Task statement:
Among the records that follow, find the line with "#24 cardboard box (1476, 13, 1500, 16)" and the line with "#45 cardboard box (418, 112, 530, 142)". Set down those lines and all lines between them exactly, without adding anything.

[Extracted material — start]

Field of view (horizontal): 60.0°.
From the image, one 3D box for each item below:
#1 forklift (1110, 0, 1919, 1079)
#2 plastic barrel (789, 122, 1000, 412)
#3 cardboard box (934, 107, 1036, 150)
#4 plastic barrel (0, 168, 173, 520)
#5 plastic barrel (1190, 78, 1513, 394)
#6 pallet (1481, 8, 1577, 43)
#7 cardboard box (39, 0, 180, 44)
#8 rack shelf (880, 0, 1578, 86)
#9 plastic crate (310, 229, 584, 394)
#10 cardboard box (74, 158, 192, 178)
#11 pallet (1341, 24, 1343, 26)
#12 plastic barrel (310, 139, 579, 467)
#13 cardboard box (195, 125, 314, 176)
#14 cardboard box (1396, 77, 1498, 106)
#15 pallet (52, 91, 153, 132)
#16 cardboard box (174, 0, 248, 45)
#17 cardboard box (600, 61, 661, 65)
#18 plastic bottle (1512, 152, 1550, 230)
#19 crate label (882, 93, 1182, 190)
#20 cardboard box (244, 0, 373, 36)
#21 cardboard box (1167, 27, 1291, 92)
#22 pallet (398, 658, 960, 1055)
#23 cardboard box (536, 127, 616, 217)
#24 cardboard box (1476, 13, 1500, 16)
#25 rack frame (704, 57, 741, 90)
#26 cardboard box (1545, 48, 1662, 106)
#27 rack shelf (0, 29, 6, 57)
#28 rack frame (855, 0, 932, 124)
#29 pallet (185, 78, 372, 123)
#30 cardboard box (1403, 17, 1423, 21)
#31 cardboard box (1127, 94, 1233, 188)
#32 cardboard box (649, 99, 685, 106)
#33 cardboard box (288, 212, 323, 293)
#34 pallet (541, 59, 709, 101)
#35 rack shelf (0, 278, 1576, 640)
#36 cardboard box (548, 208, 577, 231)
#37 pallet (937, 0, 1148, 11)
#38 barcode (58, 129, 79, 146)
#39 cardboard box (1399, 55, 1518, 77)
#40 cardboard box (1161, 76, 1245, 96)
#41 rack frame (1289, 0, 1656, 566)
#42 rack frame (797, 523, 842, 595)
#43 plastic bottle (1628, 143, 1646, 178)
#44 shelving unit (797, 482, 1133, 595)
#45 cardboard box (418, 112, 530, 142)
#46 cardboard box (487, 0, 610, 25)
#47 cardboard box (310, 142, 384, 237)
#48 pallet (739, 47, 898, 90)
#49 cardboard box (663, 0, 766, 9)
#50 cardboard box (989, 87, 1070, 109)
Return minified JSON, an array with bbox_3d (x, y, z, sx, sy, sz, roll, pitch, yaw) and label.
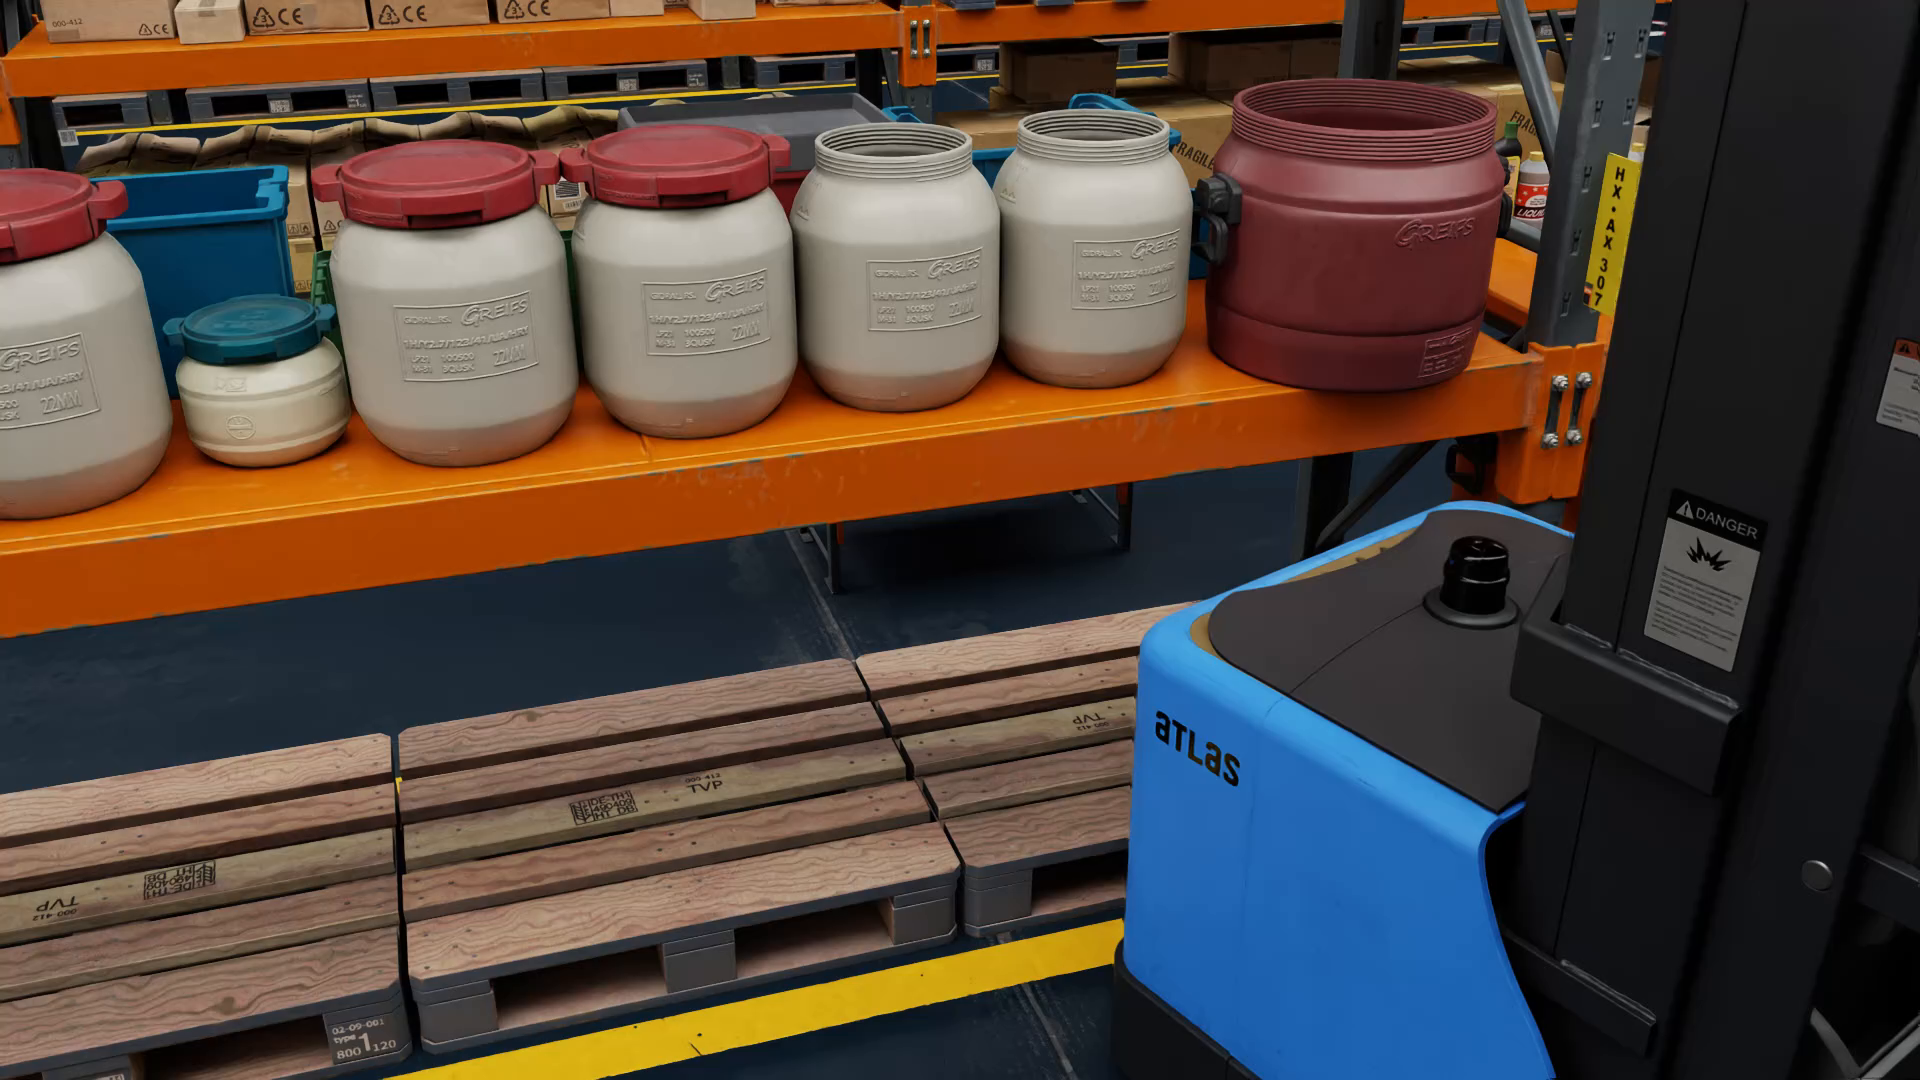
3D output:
[{"bbox_3d":[1.605,0.194,2.063,1.130,2.935,3.031,-19,32,-33],"label":"forklift"},{"bbox_3d":[-0.130,-0.555,3.368,0.421,0.512,0.421,0,26,0],"label":"plastic barrel"},{"bbox_3d":[0.174,-1.909,8.538,0.500,0.500,0.500,-7,27,-14],"label":"cardboard box"},{"bbox_3d":[-1.643,-0.344,2.916,0.433,0.535,0.433,0,26,0],"label":"plastic barrel"},{"bbox_3d":[0.835,-0.663,3.560,0.708,0.536,0.600,-8,28,-16],"label":"plastic barrel"},{"bbox_3d":[4.986,-4.693,14.965,1.213,0.211,1.003,-8,28,-16],"label":"pallet"},{"bbox_3d":[-3.696,-2.358,7.294,0.500,0.250,0.500,-7,27,-13],"label":"cardboard box"},{"bbox_3d":[1.554,-2.843,8.912,4.000,0.370,1.077,-8,28,-16],"label":"rack shelf"},{"bbox_3d":[-1.052,-0.508,3.638,0.662,0.188,0.450,-8,28,-16],"label":"plastic crate"},{"bbox_3d":[-3.681,-1.498,7.383,0.500,0.311,0.500,-8,28,-16],"label":"cardboard box"},{"bbox_3d":[2.666,-4.357,14.288,1.213,0.211,1.003,-8,28,-16],"label":"pallet"},{"bbox_3d":[-0.945,-0.445,3.120,0.433,0.535,0.433,0,26,0],"label":"plastic barrel"},{"bbox_3d":[-3.362,-1.798,7.987,0.500,0.311,0.500,-7,27,-15],"label":"cardboard box"},{"bbox_3d":[2.603,-2.264,9.253,0.500,0.500,0.500,-8,28,-16],"label":"cardboard box"},{"bbox_3d":[-6.316,-3.076,11.709,1.213,0.211,1.003,-8,28,-16],"label":"pallet"},{"bbox_3d":[-3.245,-2.262,7.215,0.250,0.149,0.380,-8,28,-16],"label":"cardboard box"},{"bbox_3d":[-2.553,-3.940,12.629,0.500,0.500,0.700,-8,27,-15],"label":"cardboard box"},{"bbox_3d":[1.551,-0.950,4.513,0.097,0.201,0.097,0,26,0],"label":"plastic bottle"},{"bbox_3d":[0.154,-0.788,3.924,0.616,0.435,0.502,-8,28,-16],"label":"crate label"},{"bbox_3d":[-2.915,-2.555,7.410,0.500,0.500,0.500,-6,27,-12],"label":"cardboard box"},{"bbox_3d":[1.493,-2.683,9.254,0.500,0.250,0.500,-9,28,-17],"label":"cardboard box"},{"bbox_3d":[-0.724,0.711,4.080,1.213,0.211,1.003,-8,28,-16],"label":"pallet"},{"bbox_3d":[-1.742,-1.778,7.948,0.500,0.311,0.500,-8,28,-16],"label":"cardboard box"},{"bbox_3d":[4.611,-4.946,14.678,0.500,0.500,0.700,-8,28,-16],"label":"cardboard box"},{"bbox_3d":[-1.885,-4.983,12.415,0.127,3.000,1.000,-8,28,-16],"label":"rack frame"},{"bbox_3d":[3.910,-2.716,10.164,0.500,0.500,0.500,-8,28,-16],"label":"cardboard box"},{"bbox_3d":[-6.053,-1.741,6.692,4.000,0.370,1.077,-8,28,-16],"label":"rack shelf"},{"bbox_3d":[-0.347,-2.889,8.197,0.127,3.000,1.000,-8,28,-16],"label":"rack frame"},{"bbox_3d":[-4.949,-3.291,12.142,1.213,0.211,1.003,-8,28,-16],"label":"pallet"},{"bbox_3d":[3.629,-4.800,14.384,0.500,0.500,0.700,-8,27,-15],"label":"cardboard box"},{"bbox_3d":[1.148,-2.050,8.823,0.500,0.500,0.500,-9,28,-17],"label":"cardboard box"},{"bbox_3d":[-1.433,-2.073,8.542,0.500,0.311,0.500,-9,28,-17],"label":"cardboard box"},{"bbox_3d":[-3.204,-1.316,7.647,0.500,0.250,0.500,-8,27,-15],"label":"cardboard box"},{"bbox_3d":[-2.629,-3.627,12.819,1.213,0.211,1.003,-8,28,-16],"label":"pallet"},{"bbox_3d":[-0.719,-0.197,3.582,4.000,0.370,1.077,-8,28,-16],"label":"rack shelf"},{"bbox_3d":[-1.740,-1.530,8.078,0.500,0.250,0.500,-8,27,-15],"label":"cardboard box"},{"bbox_3d":[0.275,-2.926,8.487,1.003,0.211,1.213,-8,28,-16],"label":"pallet"},{"bbox_3d":[-3.779,-1.705,7.048,0.075,0.075,0.001,-8,28,-16],"label":"barcode"},{"bbox_3d":[2.920,-2.554,9.838,0.500,0.500,0.500,-10,28,-18],"label":"cardboard box"},{"bbox_3d":[1.458,-2.341,9.408,0.500,0.500,0.500,-9,28,-18],"label":"cardboard box"},{"bbox_3d":[1.183,-0.795,3.977,0.127,3.000,1.000,-8,28,-16],"label":"rack frame"},{"bbox_3d":[-0.477,-0.435,5.361,0.032,1.125,0.500,-8,28,-16],"label":"rack frame"},{"bbox_3d":[1.863,-0.995,4.604,0.097,0.201,0.097,0,26,0],"label":"plastic bottle"},{"bbox_3d":[0.006,-0.505,5.502,1.048,1.125,0.538,-8,28,-16],"label":"shelving unit"},{"bbox_3d":[-2.408,-1.933,8.259,0.500,0.311,0.500,-9,28,-17],"label":"cardboard box"},{"bbox_3d":[-1.938,-2.696,7.695,0.500,0.500,0.500,-10,28,-19],"label":"cardboard box"},{"bbox_3d":[-2.711,-1.636,7.662,0.500,0.311,0.500,-9,28,-18],"label":"cardboard box"},{"bbox_3d":[-1.112,-3.811,13.189,1.213,0.211,1.003,-8,28,-16],"label":"pallet"},{"bbox_3d":[-1.258,-2.808,8.133,0.500,0.311,0.500,-9,28,-17],"label":"cardboard box"},{"bbox_3d":[0.469,-2.195,9.114,0.500,0.500,0.500,-7,27,-14],"label":"cardboard box"}]

[Extracted material — finish]

Written response:
#24 cardboard box (1476, 13, 1500, 16)
#25 rack frame (704, 57, 741, 90)
#26 cardboard box (1545, 48, 1662, 106)
#27 rack shelf (0, 29, 6, 57)
#28 rack frame (855, 0, 932, 124)
#29 pallet (185, 78, 372, 123)
#30 cardboard box (1403, 17, 1423, 21)
#31 cardboard box (1127, 94, 1233, 188)
#32 cardboard box (649, 99, 685, 106)
#33 cardboard box (288, 212, 323, 293)
#34 pallet (541, 59, 709, 101)
#35 rack shelf (0, 278, 1576, 640)
#36 cardboard box (548, 208, 577, 231)
#37 pallet (937, 0, 1148, 11)
#38 barcode (58, 129, 79, 146)
#39 cardboard box (1399, 55, 1518, 77)
#40 cardboard box (1161, 76, 1245, 96)
#41 rack frame (1289, 0, 1656, 566)
#42 rack frame (797, 523, 842, 595)
#43 plastic bottle (1628, 143, 1646, 178)
#44 shelving unit (797, 482, 1133, 595)
#45 cardboard box (418, 112, 530, 142)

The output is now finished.